Let me open with a disclaimer: I am an iPad owner. I use it everyday and yes, I am very happy with its performance. I used to travel for both pleasure and business with a laptop and have definitely found the iPad to be a breath of fresh air. While it doesn't do everything, it does enough to make me happy.
A lot of naysayers out are predicting the end of the Apple era or at the very least the end of the Apple growth era. While most analysts focus on the iPhone , I wanted to take a look at Apple's other flagship product; the iPad. Let's start by looking at the iPad United States unveiling dates by version so that you can match the release dates with the sales numbers:
iPad 1 – April 3, 2010
iPad 2 – March 2, 2011
iPad 3 – March 7, 2012
iPad 4 – October 23, 2012 – introduced iPad Mini
iPad 5 – October 22, 2013
Now, let's look at a graph that shows iPad sales by quarter since its introduction in the second quarter of 2010:
The climb in sales has been pretty steady, however, what is worrying is the decline over the second and third quarters of 2013 where sales dropped from 22.9 million in Q1 2013 to 14.6 million in Q3 2013, a total drop of 8.3 million units. With today's release, we find that sales dropped even further to 14.1 million units in Q4 2013 for a total drop of 8.8 million units on the year.
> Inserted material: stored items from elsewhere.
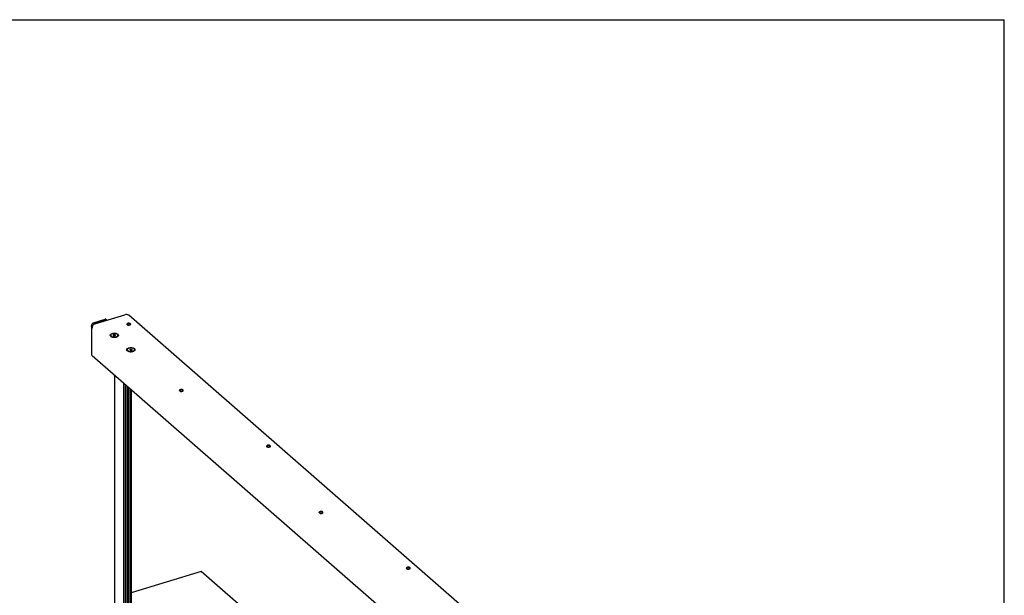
# Model space of a CAD drawing. Header units: millimetres. Extents: x 676 to 6826, y 1666 to 5971.
# Tile 9 of 9: x 5164 to 6826, y 4999 to 5971. Entities that reach past the tile are written whole.
import ezdxf

# ---------------------------------------------------------------- set-up
doc = ezdxf.new("R2010")
doc.units = ezdxf.units.MM
doc.header["$LTSCALE"] = 25
doc.linetypes.add('SLD-Solido', pattern=[0])
doc.layers.add('QUOTE', color=1, linetype='SLD-Solido')
doc.layers.add('SCHIZZI', color=9, linetype='Continuous')

msp = doc.modelspace()

# ---------------------------------------------------------------- linework, layer by layer
for p, q in [((5290.86, 5457.28), (5341.69, 5472.72)), ((6081.4, 4831.59), (5348.54, 5471.81)), ((5285.63, 5453.22), (5285.63, 5405.19)), ((5288.58, 5459.28), (5308.39, 5465.3)), ((5288.58, 5459.28), (5290.1, 5457.95)), ((5290.1, 5457.95), (5309.92, 5463.97)), ((5311.23, 5463.76), (5309.71, 5465.09)), ((5317.93, 5438.03), (5317.93, 5437.77)), ((5319.14, 5435.91), (5320.73, 5434.82)), ((5323.91, 5439.22), (5321.92, 5438.61)), ((5321.92, 5438.61), (5321.94, 5437.42)), ((5321.94, 5437.42), (5323.96, 5436.84)), ((5323.91, 5437.5), (5322.82, 5437.17)), ((5325.92, 5438.63), (5323.91, 5439.22)), ((5323.91, 5437.5), (5323.91, 5439.22)), ((5325.05, 5437.17), (5323.91, 5437.5)), ((5323.96, 5436.84), (5325.94, 5437.44)), ((5325.94, 5437.44), (5325.92, 5438.63)), ((5325.92, 5437.44), (5325.92, 5438.63)), ((5327.14, 5434.82), (5328.73, 5435.91)), ((5329.93, 5437.77), (5329.93, 5438.03)), ((6022.88, 4760.3), (5286.46, 5403.62)), ((5345.87, 5413.63), (5345.87, 5413.37)), ((5347.07, 5411.51), (5348.66, 5410.42)), ((5351.85, 5414.82), (5349.86, 5414.21)), ((5349.86, 5414.21), (5349.88, 5413.02)), ((5349.88, 5413.02), (5351.89, 5412.44)), ((5351.85, 5413.1), (5350.75, 5412.77)), ((5353.86, 5414.23), (5351.85, 5414.82)), ((5351.85, 5413.1), (5351.85, 5414.82)), ((5352.99, 5412.77), (5351.85, 5413.1)), ((5351.89, 5412.44), (5353.88, 5413.04)), ((5353.88, 5413.04), (5353.86, 5414.23)), ((5353.86, 5413.04), (5353.86, 5414.23)), ((5355.07, 5410.42), (5356.66, 5411.51)), ((5357.87, 5413.37), (5357.87, 5413.63)), ((5324.47, 5370.41), (5324.47, 3560.38)), ((5339.7, 5357.1), (5339.7, 3547.07)), ((5342.29, 5354.85), (5342.29, 3547.85)), ((5342.29, 5354.85), (5342.29, 3854.72)), ((5344.87, 5352.59), (5344.87, 3855.5)), ((5344.87, 5352.59), (5344.87, 4162.37)), ((5347.46, 5350.33), (5347.46, 4163.15)), ((5347.46, 5350.33), (5347.46, 4470.02)), ((5350.04, 5348.07), (5350.04, 4470.8)), ((5350.04, 5348.07), (5350.04, 4777.67)), ((5352.63, 5345.82), (5352.63, 4778.46)), ((5470.66, 5039.03), (5352.63, 5003.19)), ((5984.71, 4589.97), (5470.66, 5039.03))]:
    msp.add_line(p, q)
at = {"flags": 128}
for points in [[(5345.51, 5455.94), (5346.2, 5455.52), (5347.12, 5455.23), (5348.16, 5455.12), (5349.22, 5455.18), (5350.19, 5455.42), (5350.95, 5455.81), (5351.42, 5456.31), (5351.56, 5456.85), (5351.34, 5457.39), (5350.8, 5457.87), (5349.99, 5458.22), (5348.99, 5458.43), (5347.92, 5458.45), (5346.9, 5458.3), (5346.02, 5457.98), (5345.4, 5457.53), (5345.09, 5457.01), (5345.13, 5456.45), (5345.51, 5455.94)], [(5345.09, 5456.58), (5345.09, 5456.58), (5345.4, 5457.1), (5346.02, 5457.55), (5346.9, 5457.87), (5347.92, 5458.02), (5348.99, 5458), (5349.99, 5457.8), (5350.8, 5457.44), (5351.34, 5456.96), (5351.53, 5456.58)], [(5317.9, 5436.2), (5317.26, 5436.93), (5316.96, 5437.73), (5317, 5438.53), (5317.4, 5439.32), (5318.11, 5440.03), (5319.13, 5440.65), (5320.38, 5441.13), (5321.81, 5441.46), (5323.35, 5441.62), (5324.91, 5441.6), (5326.43, 5441.4), (5327.82, 5441.03), (5329.02, 5440.5), (5329.96, 5439.86), (5330.6, 5439.12), (5330.91, 5438.33), (5330.87, 5437.52), (5330.47, 5436.74), (5329.75, 5436.02), (5328.74, 5435.41), (5327.49, 5434.92), (5326.06, 5434.59), (5324.52, 5434.44), (5322.95, 5434.46), (5321.44, 5434.66), (5320.04, 5435.03), (5318.85, 5435.55), (5317.9, 5436.2)], [(5317.93, 5437.77), (5318.02, 5437.25), (5318.44, 5436.53), (5319.17, 5435.89), (5320.18, 5435.36), (5321.41, 5434.97), (5322.79, 5434.74), (5324.23, 5434.69), (5325.66, 5434.81), (5326.98, 5435.11)], [(5326.98, 5435.37), (5328.13, 5435.82), (5329.03, 5436.4), (5329.64, 5437.08), (5329.92, 5437.81), (5329.85, 5438.55), (5329.43, 5439.27), (5328.7, 5439.91), (5327.69, 5440.44), (5326.46, 5440.83), (5325.08, 5441.06), (5323.64, 5441.12), (5322.21, 5440.99), (5320.89, 5440.69), (5319.74, 5440.24), (5318.83, 5439.66), (5318.23, 5438.98), (5317.95, 5438.25), (5318.02, 5437.51), (5318.44, 5436.79), (5319.17, 5436.15), (5320.18, 5435.62), (5321.41, 5435.22), (5322.79, 5435), (5324.23, 5434.94), (5325.66, 5435.07), (5326.98, 5435.37)], [(5319.45, 5435.7), (5319.58, 5435.29), (5319.65, 5435.18)], [(5326.98, 5435.11), (5328.13, 5435.56), (5329.03, 5436.14), (5329.64, 5436.82), (5329.92, 5437.55), (5329.93, 5437.77)], [(5328.22, 5435.18), (5328.38, 5435.54), (5328.42, 5435.7)], [(5345.84, 5411.8), (5345.2, 5412.53), (5344.89, 5413.32), (5344.94, 5414.13), (5345.33, 5414.91), (5346.05, 5415.63), (5347.06, 5416.25), (5348.31, 5416.73), (5349.74, 5417.06), (5351.28, 5417.22), (5352.85, 5417.2), (5354.37, 5416.99), (5355.76, 5416.62), (5356.96, 5416.1), (5357.9, 5415.46), (5358.54, 5414.72), (5358.84, 5413.93), (5358.8, 5413.12), (5358.41, 5412.34), (5357.69, 5411.62), (5356.68, 5411.01), (5355.42, 5410.52), (5353.99, 5410.19), (5352.45, 5410.03), (5350.89, 5410.06), (5349.37, 5410.26), (5347.98, 5410.63), (5346.78, 5411.15), (5345.84, 5411.8)], [(5345.87, 5413.37), (5345.95, 5412.85), (5346.37, 5412.13), (5347.1, 5411.49), (5348.12, 5410.96), (5349.34, 5410.57), (5350.72, 5410.34), (5352.16, 5410.28), (5353.59, 5410.41), (5354.91, 5410.71), (5356.06, 5411.16), (5356.97, 5411.74), (5357.58, 5412.42), (5357.85, 5413.15), (5357.87, 5413.37)], [(5348.82, 5416.29), (5347.67, 5415.84), (5346.77, 5415.25), (5346.16, 5414.58), (5345.88, 5413.85), (5345.95, 5413.1), (5346.37, 5412.39), (5347.1, 5411.75), (5348.12, 5411.22), (5349.34, 5410.82), (5350.72, 5410.59), (5352.16, 5410.54), (5353.59, 5410.67), (5354.91, 5410.96), (5356.06, 5411.42), (5356.97, 5412), (5357.58, 5412.68), (5357.85, 5413.41), (5357.78, 5414.15), (5357.37, 5414.86), (5356.63, 5415.51), (5355.62, 5416.04), (5354.39, 5416.43), (5353.01, 5416.66), (5351.57, 5416.71), (5350.15, 5416.59), (5348.82, 5416.29)], [(5347.38, 5411.3), (5347.52, 5410.89), (5347.58, 5410.78)], [(5356.15, 5410.78), (5356.32, 5411.14), (5356.35, 5411.3)], [(5434.13, 5344.04), (5434.82, 5343.62), (5435.74, 5343.34), (5436.79, 5343.22), (5437.85, 5343.29), (5438.81, 5343.53), (5439.57, 5343.91), (5440.05, 5344.41), (5440.18, 5344.95), (5439.97, 5345.49), (5439.42, 5345.97), (5438.61, 5346.33), (5437.62, 5346.53), (5436.55, 5346.55), (5435.52, 5346.4), (5434.65, 5346.08), (5434.02, 5345.63), (5433.71, 5345.11), (5433.75, 5344.56), (5434.13, 5344.04)], [(5433.71, 5344.68), (5433.71, 5344.68), (5434.02, 5345.21), (5434.65, 5345.65), (5435.52, 5345.97), (5436.55, 5346.13), (5437.62, 5346.1), (5438.61, 5345.9), (5439.42, 5345.54), (5439.97, 5345.06), (5440.16, 5344.68)], [(5581.34, 5249.93), (5582.02, 5249.51), (5582.94, 5249.22), (5583.99, 5249.11), (5585.05, 5249.17), (5586.01, 5249.41), (5586.77, 5249.8), (5587.25, 5250.3), (5587.38, 5250.84), (5587.17, 5251.38), (5586.63, 5251.86), (5585.81, 5252.21), (5584.82, 5252.42), (5583.75, 5252.44), (5582.72, 5252.29), (5581.85, 5251.97), (5581.22, 5251.52), (5580.91, 5251), (5580.95, 5250.44), (5581.34, 5249.93)], [(5580.91, 5250.57), (5580.91, 5250.57), (5581.22, 5251.09), (5581.85, 5251.54), (5582.72, 5251.86), (5583.75, 5252.01), (5584.82, 5251.99), (5585.81, 5251.79), (5586.63, 5251.43), (5587.17, 5250.95), (5587.36, 5250.57)], [(5669.96, 5138.03), (5670.65, 5137.61), (5671.56, 5137.33), (5672.61, 5137.21), (5673.67, 5137.28), (5674.64, 5137.51), (5675.4, 5137.9), (5675.87, 5138.4), (5676.01, 5138.94), (5675.79, 5139.48), (5675.25, 5139.96), (5674.44, 5140.32), (5673.44, 5140.52), (5672.37, 5140.54), (5671.35, 5140.39), (5670.47, 5140.07), (5669.85, 5139.62), (5669.54, 5139.1), (5669.58, 5138.55), (5669.96, 5138.03)], [(5669.54, 5138.67), (5669.54, 5138.67), (5669.85, 5139.2), (5670.47, 5139.64), (5671.35, 5139.96), (5672.37, 5140.12), (5673.44, 5140.09), (5674.44, 5139.89), (5675.25, 5139.53), (5675.79, 5139.05), (5675.98, 5138.67)], [(5817.16, 5043.92), (5817.85, 5043.5), (5818.76, 5043.21), (5819.81, 5043.1), (5820.87, 5043.16), (5821.84, 5043.4), (5822.6, 5043.79), (5823.07, 5044.28), (5823.21, 5044.83), (5822.99, 5045.37), (5822.45, 5045.85), (5821.64, 5046.2), (5820.64, 5046.41), (5819.57, 5046.43), (5818.55, 5046.28), (5817.67, 5045.96), (5817.05, 5045.51), (5816.74, 5044.98), (5816.78, 5044.43), (5817.16, 5043.92)], [(5816.74, 5044.56), (5816.74, 5044.56), (5817.05, 5045.08), (5817.67, 5045.53), (5818.55, 5045.85), (5819.57, 5046), (5820.64, 5045.98), (5821.64, 5045.78), (5822.45, 5045.42), (5822.99, 5044.94), (5823.18, 5044.56)]]:
    msp.add_lwpolyline(points, dxfattribs=at)
for centre, radius, start, end in [((5344.17, 5465.19), 7.93, 56.5988, 108.25151), ((5308.87, 5464.04), 1.34, 51.25919, 110.76489), ((5310.39, 5462.77), 1.29, 36.12765, 111.67958), ((5348.31, 5447.05), 10.14, 71.36849, 108.63151), ((5287.72, 5405.29), 2.1, 182.87871, 232.94633), ((5436.94, 5335.14), 10.16, 71.70486, 108.61247), ((5584.14, 5241.02), 10.17, 71.71866, 108.28134), ((5672.76, 5129.13), 10.16, 71.70484, 108.6125), ((5819.96, 5035.03), 10.14, 71.36852, 108.63148)]:
    msp.add_arc(centre, radius, start, end)
for points, knots in [([(5286.46, 5449.91), (5286.28, 5450.3), (5285.91, 5451.11), (5285.64, 5452.36), (5285.6, 5453.64), (5285.8, 5454.91), (5286.23, 5456.15), (5286.86, 5457.29), (5287.65, 5458.35), (5288.27, 5458.97), (5288.58, 5459.28)], [0, 0, 0, 0, 0.1255245, 0.254681, 0.3803216, 0.5096046, 0.6352458, 0.7645294, 0.8808302, 1, 1, 1, 1]), ([(5289.23, 5456.23), (5289.33, 5456.47), (5289.56, 5457.07), (5289.9, 5457.62), (5290.1, 5457.95)], [0, 0, 0, 0, 0.399491, 1, 1, 1, 1])]:
    msp.add_open_spline(points, degree=3, knots=knots)
msp.add_open_spline([(5290.86, 5457.28), (5290.25, 5456.95), (5289.02, 5456.27), (5287.51, 5454.39), (5286.5, 5452.16), (5286.47, 5450.66), (5286.46, 5449.91)], degree=3)
at = {"layer": 'QUOTE', "color": 7, "true_color": 0xffffff}
msp.add_line((675.85, 5971.03), (6825.55, 5971.03), dxfattribs=at)
at = {"layer": 'SCHIZZI', "color": 7, "true_color": 0xffffff}
msp.add_line((6825.85, 1666.03), (6825.55, 5971.03), dxfattribs=at)

doc.saveas('drawing.dxf')

Here's a graph that shows the quarter-over-quarter sales volume gains and losses:
The best quarter-over-quarter gain was back in Q2 to Q3 2011 when sales rose by 97.2 percent, just after iPad 2 was introduced. Notice that from Q2 to Q3 2013, there has been a substantial cumulative drop in sales; with the release of fiscal 2013 data, there are now three quarters with quarter-over-quarter sales drops, the longest losing streak since the iPad was introduced three and a half years ago. Since unit sales peaked in the first quarter of 2013, volumes have dropped by 38.4 percent, a not insignificant amount and a trend that one would hope (if they were Apple) would be reversed soon.
Lastly, let's put the sales of iPads into corporate-wide perspective. In 2012, Apple's total net sales were $156,508 billion. Net sales of iPads was $32.424 billion or 20.7 percent of the total, the second largest net seller in Apple's relatively narrow slate of products. By way of comparison, iPhone sales were $80.477 billion or 41.5 percent of total net sales.
It will be interesting to watch the sales trends for Apple's tablet. With the product making up a substantial portion of Apple's overall net sales, a continuing drop in sales will definitely put a damper on earnings growth in the future, particularly if Apple does not have an innovative replacement product in its stable.